[Records from a data source]
────────────────────────────────────────

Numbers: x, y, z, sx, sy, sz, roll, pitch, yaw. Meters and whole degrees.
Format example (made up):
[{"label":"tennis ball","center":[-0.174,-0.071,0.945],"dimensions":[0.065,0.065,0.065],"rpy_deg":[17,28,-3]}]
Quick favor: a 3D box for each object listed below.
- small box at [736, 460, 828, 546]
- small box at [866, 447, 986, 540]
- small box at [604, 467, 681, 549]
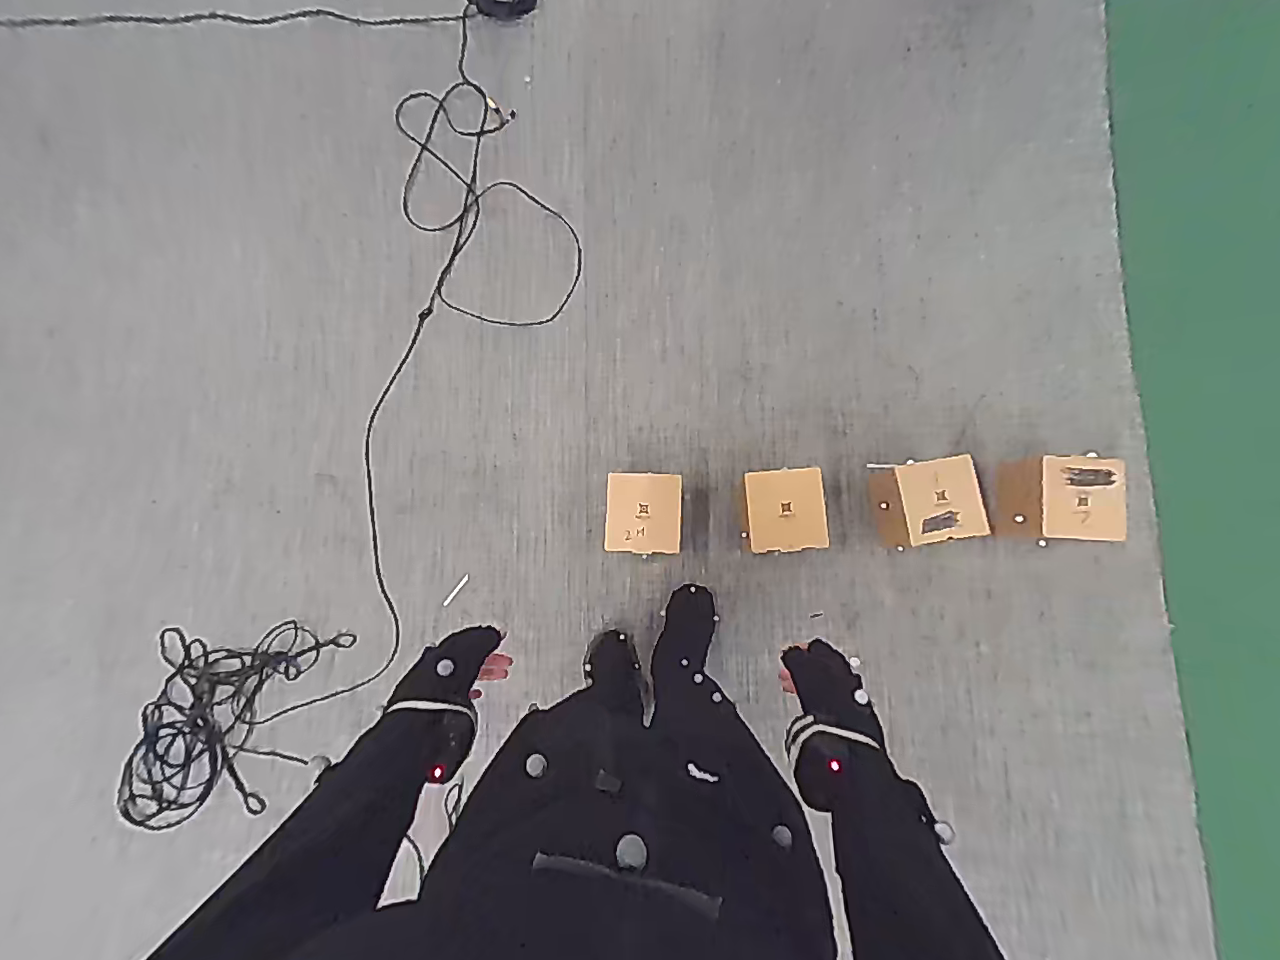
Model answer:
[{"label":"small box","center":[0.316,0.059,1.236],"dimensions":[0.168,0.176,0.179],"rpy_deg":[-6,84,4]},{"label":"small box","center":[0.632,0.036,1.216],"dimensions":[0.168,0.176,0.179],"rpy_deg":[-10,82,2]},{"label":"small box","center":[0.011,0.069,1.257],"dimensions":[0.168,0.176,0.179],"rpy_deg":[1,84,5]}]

────────────────────────────────────────

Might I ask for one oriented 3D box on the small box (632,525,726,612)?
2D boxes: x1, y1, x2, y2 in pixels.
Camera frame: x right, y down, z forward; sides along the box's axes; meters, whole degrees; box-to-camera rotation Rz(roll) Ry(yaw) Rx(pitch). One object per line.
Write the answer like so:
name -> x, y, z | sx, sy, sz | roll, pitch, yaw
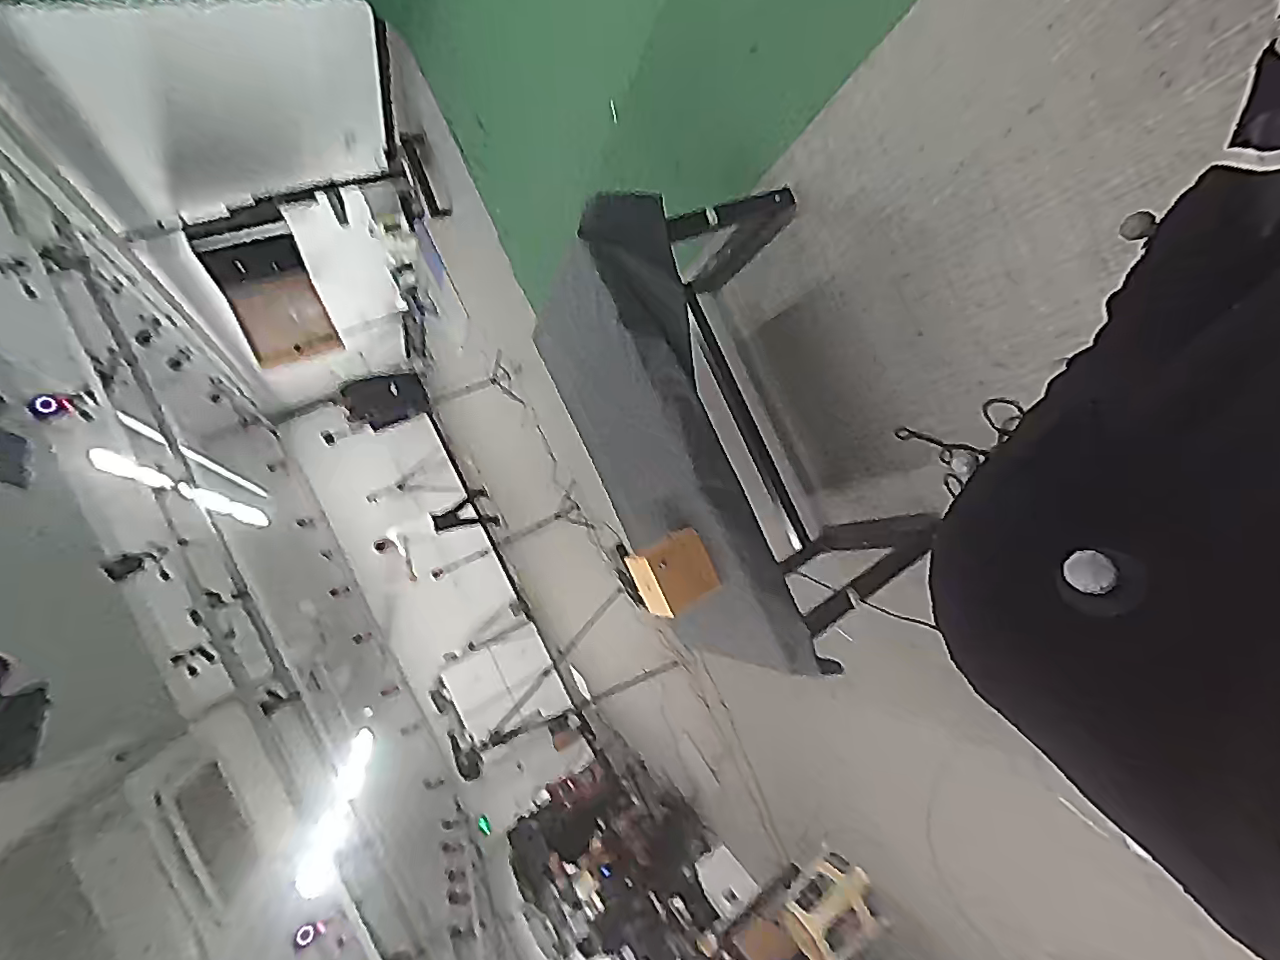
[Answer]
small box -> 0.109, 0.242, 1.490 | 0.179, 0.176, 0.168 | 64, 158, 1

────────────────────────────────────────

● The problem:
Make a list of all lines in the data that contain "whole".

● Written answer:
Numbers: x, y, z, sx, sy, sz, roll, pitch, yaw. Meters and whole degrees.
Camera frame: x right, y down, z forward; sides along the box's axes; meters, whole degrees; box-to-camera rotation Rz(roll) Ry(yaw) Rx(pitch). One object per line.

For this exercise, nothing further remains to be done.